Resort rodziny uważa, że trzeba przeanalizować, czy w przepisach powinna się pojawić kompleksowa regulacja dotycząca wykonywania działalności gospodarczej przez małoletnich, w tym jej oskładkowania. „Za” są także eksperci. Ich zdaniem biznesy najmłodszych powinny podlegać pod ZUS, by nie tworzyć pola do nadużyć.

Nikogo już nie dziwią młodzi youtuberzy, monetyzujący swoją popularność na kanałach w serwisach społecznościowych czy nawet dzieci zarabiające za pośrednictwem TikToka bądź Instagrama.

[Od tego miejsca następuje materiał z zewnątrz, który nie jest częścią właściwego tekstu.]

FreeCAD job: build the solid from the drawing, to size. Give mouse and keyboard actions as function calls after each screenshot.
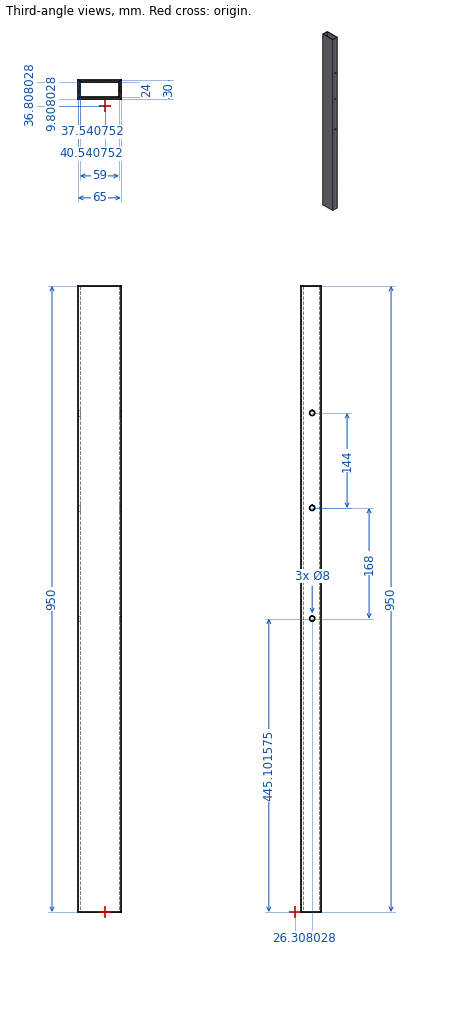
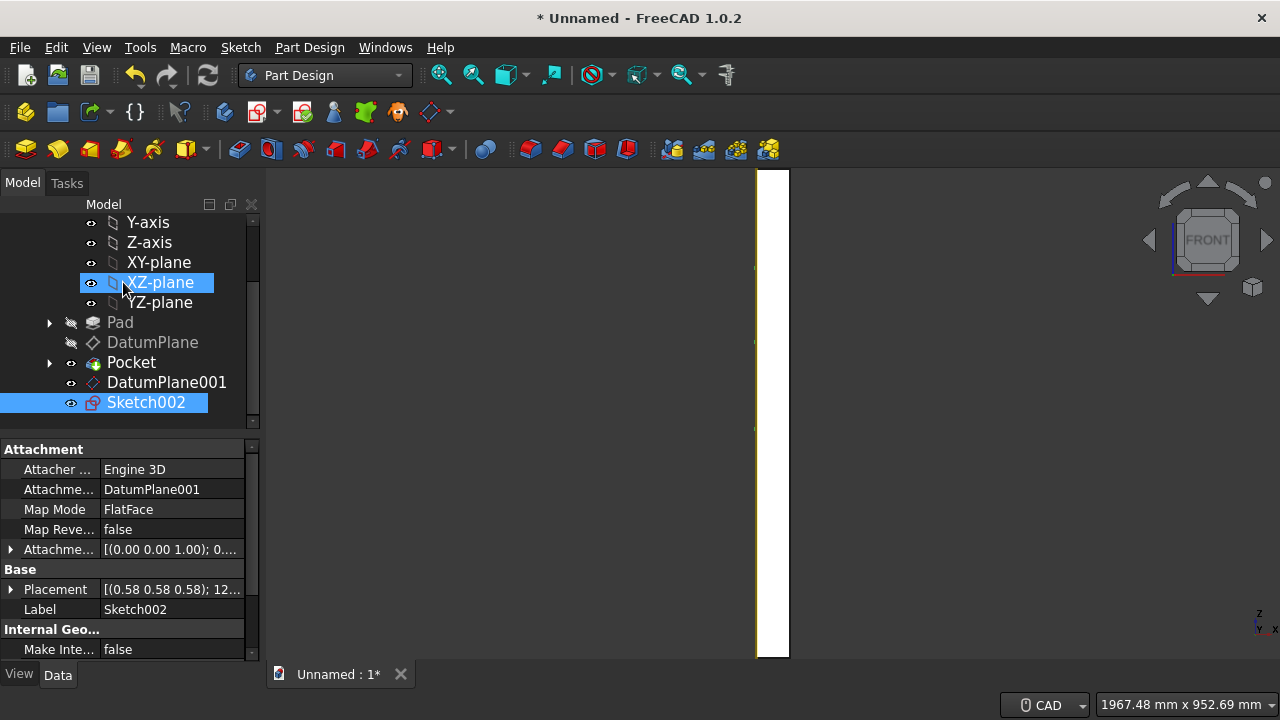
click(240, 150)

Niektóre takie aktywności to już rozbudowane działalności biznesowe.

Dziś jednak małoletni może prowadzić firmę tylko z pomocą innych osób: przedstawicieli ustawowych, tj. rodziców czy opiekunów i ewentualnie pełnomocników.

– Zaburza to jednak płynność i przejrzystość prowadzonego biznesu, w szczególności gdy działalność gospodarcza dotyczy osobistych aktywności małoletnich, np. działalności sportowej i artystycznej – uważa Ministerstwo Rozwoju i Technologii.

Z tego też powodu wciąż niewiele takich działalności trafia do Rejestru Przedsiębiorców CEIDG. I choć z roku na rok ich przybywa (patrz: infografika), to jednak można domniemywać, że większość takich biznesów osób małoletnich pozostaje w szarej strefie.

ikona lupy />
Nowy trend na rynku / Dziennik Gazeta Prawna - wydanie cyfrowe

Obecne trendy dostrzegł także resort rozwoju i chce je uregulować. W projekcie ustawy o zmianie niektórych ustaw w celu ulepszenia środowiska prawnego i instytucjonalnego dla przedsiębiorców proponuje więc kompleksowe uregulowanie zasad prowadzenia działalności gospodarczej przez osoby małoletnie. Dziś takich szczególnych przepisów dla niepełnoletnich nie ma.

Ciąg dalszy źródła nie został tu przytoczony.